The designed system consists of an audio network that covers two different buildings across a street, and it includes three LV1’s, one Avid VENUE D-Show, one Pro Tools HDX, two Behringer X32 mixers, one Zilia 3D ambience microphone, and 14 Waves SoundGrid devices (excluding various DAW computers), including four DSPRO StageGrid 4000 stageboxes, three DiGiGrid IOC audio interfaces, one DiGiGrid IOX high-count interface, two DiGiGrid DLI interfaces, two DN32-WSG cards for Behringer, one Waves DMI interface and one DiGiGrid D portable desktop interface.
“The compact DiGiGrid D interface moves all over both buildings, depending on where the TV hosts are placed,” he notes. “The latest addition to the system is a 3D immersive audio mixing system that complements a 360-video content destined to COTR VR campus. Virtual Reality is the best way to remotely be part of the COTR experience. This setup is wonderfully modular and expandable. As your audio needs evolve, the system can grow too. Our project is proof: we started with a single LV1 as a simple broadcast mixer, and evolved to an entire audio network that covers two multi-story buildings.”

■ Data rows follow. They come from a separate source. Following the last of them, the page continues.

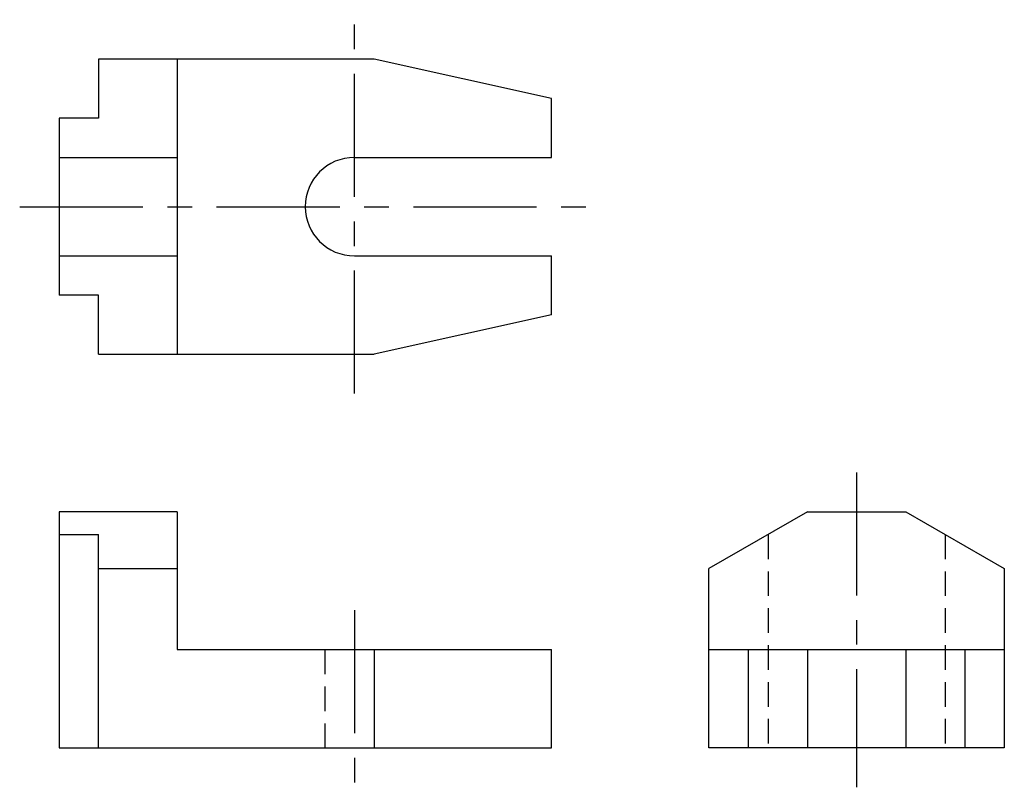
# Model space of a CAD drawing. Header units: millimetres. Extents: x -10 to 240, y -10 to 185.
import ezdxf

# ---------------------------------------------------------------- set-up
doc = ezdxf.new("R2010")
doc.units = ezdxf.units.MM
doc.header["$LTSCALE"] = 25
doc.header["$MEASUREMENT"] = 0
doc.linetypes.add('CENTER', pattern=[2, 1.25, -0.25, 0.25, -0.25])
doc.linetypes.add('HIDDEN', pattern=[0.375, 0.25, -0.125])
for name, color, linetype in [('Center', 1, 'CENTER'), ('Hidden', 4, 'HIDDEN'), ('Object', 2, 'Continuous')]:
    doc.layers.add(name, color=color, linetype=linetype)

msp = doc.modelspace()

# ---------------------------------------------------------------- linework, layer by layer
at = {"layer": 'Center'}
for p, q in [((75, 90), (75, 185)), ((-10, 137.5), (135, 137.5)), ((202.5, 70), (202.5, -10)), ((75, 35), (75, -10))]:
    msp.add_line(p, q, dxfattribs=at)
at = {"layer": 'Hidden'}
for p, q in [((180, 54.23), (180, 0)), ((225, 54.23), (225, 0)), ((67.5, 25), (67.5, 0))]:
    msp.add_line(p, q, dxfattribs=at)
at = {"layer": 'Object'}
for p, q in [((80, 175), (10, 175)), ((10, 175), (10, 160)), ((30, 175), (30, 100)), ((80, 175), (80, 175)), ((125, 165), (80, 175)), ((125, 150), (125, 165)), ((0, 160), (0, 115)), ((10, 160), (0, 160)), ((0, 150), (30, 150)), ((75, 150), (125, 150)), ((0, 125), (30, 125)), ((75, 125), (125, 125)), ((125, 110), (125, 125)), ((10, 115), (0, 115)), ((10, 100), (10, 115)), ((125, 110), (80, 100)), ((10, 100), (80, 100)), ((30, 60), (0, 60)), ((0, 60), (0, 0)), ((30, 60), (30, 25)), ((190, 60), (165, 45.57)), ((190, 60), (215, 60)), ((215, 60), (240, 45.57)), ((0, 54.23), (10, 54.23)), ((10, 0), (10, 54.23)), ((10, 45.57), (30, 45.57)), ((165, 0), (165, 45.57)), ((240, 45.57), (240, 0)), ((30, 25), (125, 25)), ((80, 25), (80, 0)), ((125, 0), (125, 25)), ((165, 25), (240, 25)), ((175, 25), (175, 0)), ((190, 25), (190, 0)), ((215, 25), (215, 0)), ((230, 25), (230, 0)), ((0, 0), (125, 0)), ((240, 0), (165, 0))]:
    msp.add_line(p, q, dxfattribs=at)
msp.add_arc((75, 137.5), 12.5, 90, 270, dxfattribs=at)

doc.saveas('drawing.dxf')

The church doesn’t have a dedicated person for monitor mixing. Each musician controls their own mix wirelessly with an iPad running the Waves MyMon personal mixing app, which “communicates” with the LV1. “Having the MyMon app was indispensable in the selection of the LV1,” Martinez says. “The monitor LV1 can be fully mixed and cued from the stage, FOH and broadcast positions, with the latter two having absolute control over the monitor console. The more experienced FOH and broadcast engineers can assist musicians from their own position.
“The LV1/SoundGrid system allows us to have an elaborated internal communication system through a dedicated matrixing system that receives fifteen talkback/communication inputs and distributes to seven destinations throughout both buildings. Before the LV1, there was no way of getting completely rid of the sinful mono IEM mix. Now, every IEM mix is stereo. Any instrument can have its own stereo reverb without complicated routing or mixing procedures. Having the reverb as part of the channel signal flow keeps the proper relation between dry and wet at every monitor mix.”